Analyses were conducted using SPSS 10 and linear models were fitted using the GLM univariate method (SPSS Inc. 2000). We interpreted all two tailed P-values < 0·05 as significant. Residuals from general linear models were scrutinized visually and did not deviate substantially from normal.

Results

evidence for interspecific variation in response to human disturbance

We found 147 studies that used a behavioural approach to investigate the effects of human disturbance, of which 31 (21·1%) involved more than one species (mean 11·25 species, range 2–68; see the Appendix). Of the interspecific studies, 28 studies used birds as model species, two used mammals and one study used a combination of mammals and birds. Interestingly, we found no studies that focused on fish. Of the bird studies, 17 (58·6%) were exclusively devoted to birds that spent part of their life cycle in association with water (waterfowl, shorebirds, etc.).

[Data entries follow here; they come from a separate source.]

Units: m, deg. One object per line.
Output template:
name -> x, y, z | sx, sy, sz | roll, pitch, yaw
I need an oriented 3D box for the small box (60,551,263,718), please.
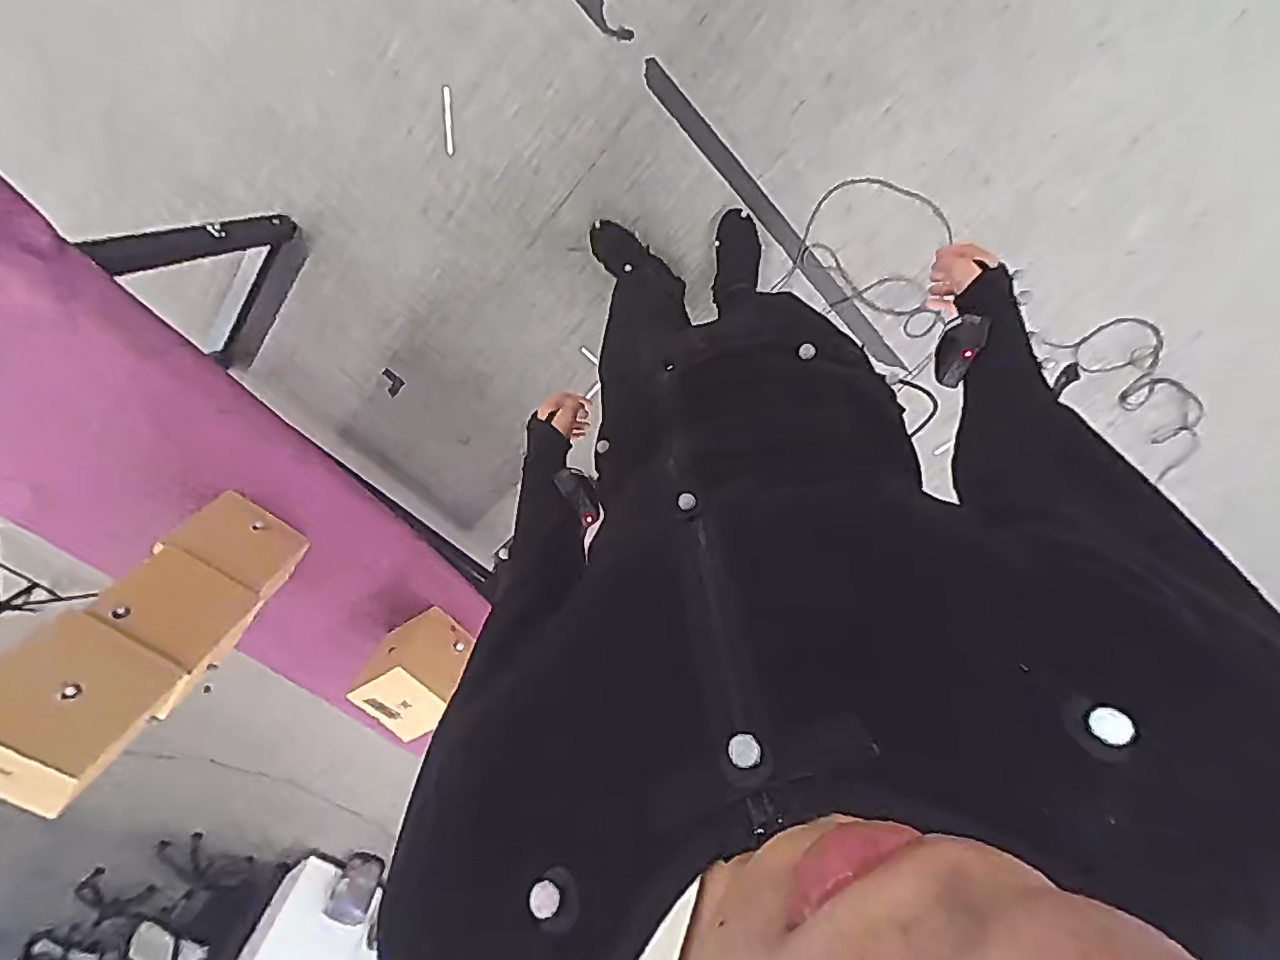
small box -> -0.781, 0.251, 0.898 | 0.179, 0.176, 0.168 | 39, 118, -15

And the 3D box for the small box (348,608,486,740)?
small box -> -0.458, 0.405, 1.139 | 0.179, 0.176, 0.168 | -31, 112, 22

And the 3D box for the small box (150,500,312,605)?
small box -> -0.784, 0.162, 1.036 | 0.179, 0.176, 0.168 | 39, 119, -15

The majority of studies were conducted in North America (16, 51·6%) and Europe (seven, 22·6%), while Asia (seven, 22·6%) and South America (one, 3·2%) were not well represented given their relative sizes. Most of the studies evaluated the effects of pedestrians on wildlife (28, 90·3%). As for the variables that assessed responses to humans, flight initiation distance, the distance at which animals flee an approaching threat, was by far the most frequently used variable (22 studies, 71%). Other variables employed less frequently included alert distance (three studies), distance moved during flight (two studies), patterns of vigilance or foraging (two studies), variation in activity period (two studies), the time required to resume initial activity (two studies) and various behavioural responses (such as nesting behaviour, vocalizations, escape tactics, etc.; four studies).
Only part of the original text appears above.